Женщина тяжело опустилась на скамейку и крепко зажмурила глаза.
— Мой мальчик, — шептала она. — Мой малыш!
— Что? — оживился старик. — Что с вашим мальчиком?
— Моего сына оперируют. — Женщина открыла глаза и бросила тревожный взгляд в конец коридора. — Оперируют моего маленького.
— Все обойдется, — успокоительно шамкал старик. — Вот увидите. Теперь не то, что раньше, теперь в медицине много достижений. Я три раза находился на краю смерти, меня даже соборовали, а я вот он — живехонек!
— Велосипедный руль…
Антонио показалось, что женщина вот-вот заплачет, но та только закусила губу.
— …на него наехала машина, а руль от велосипеда вонзился ему в грудь… в грудь…
— Мама, — девочка в черном с осуждением на нее посмотрела, и женщина снова сомкнула губы в молчании, — хватит уже!
— Вы хотите сказать, что ваш сын… — Старик придвинулся к ней поближе, выставив вперед руку с зажатой в ней сигаретой. — Вашего сына задавила машина?
— Да, его сбила машина и скрылась, — ответила девочка в черном. — Говорят, «Мерседес»… У самого колледжа.
— Мой малыш… мой мальчик… Мы купили ему велосипед на день рождения, велосипед синего цвета.
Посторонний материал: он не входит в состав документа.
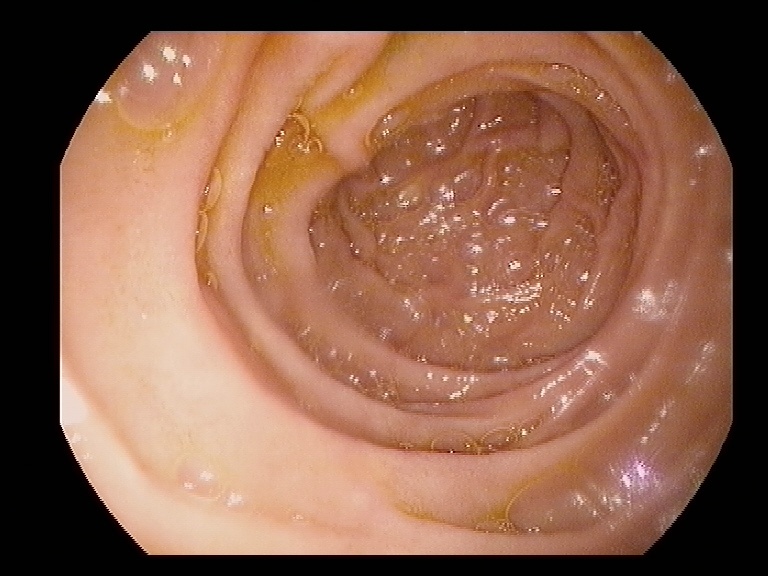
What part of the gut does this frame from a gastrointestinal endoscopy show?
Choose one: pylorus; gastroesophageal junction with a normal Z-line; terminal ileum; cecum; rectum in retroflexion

terminal ileum
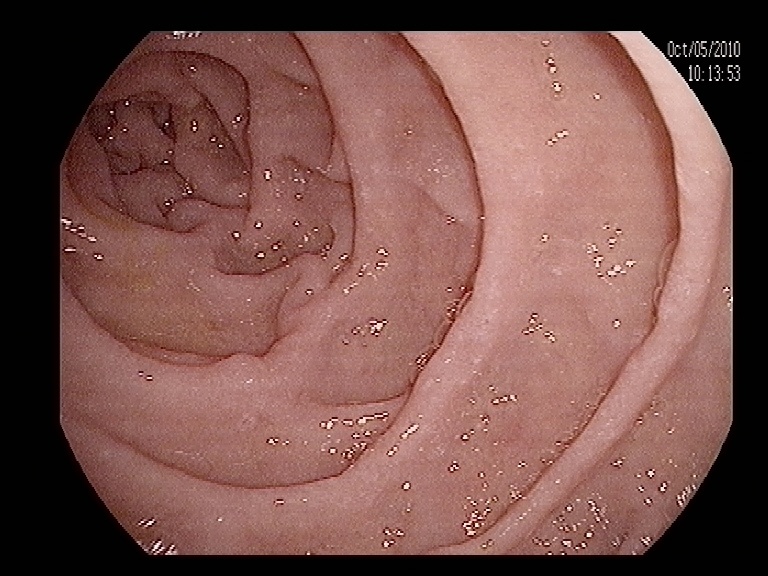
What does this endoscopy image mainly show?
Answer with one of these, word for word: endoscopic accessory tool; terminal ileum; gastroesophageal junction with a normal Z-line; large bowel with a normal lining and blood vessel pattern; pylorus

terminal ileum

А он взял его с собой в колледж, чтобы похвастаться перед товарищами…
— Мама, мама! Опять ты за свое. — Девочка стукнула мать ладонью по коленке.
— …отец еще не знает… Машина проехала прямо по нему.
Женщина судорожно сглотнула слюну, словно у нее в горле застрял комок, и замолчала, уставившись в стенку, на которой висели старые плакаты, призывавшие профсоюзы ко всеобщей забастовке.
Появились державшиеся за руки Ванесса и Чаро.
— Ну, как? — спросил Антонио. — Достали?
— Да, — бросила Чаро на ходу. — Охранник продал, а заодно и шприц.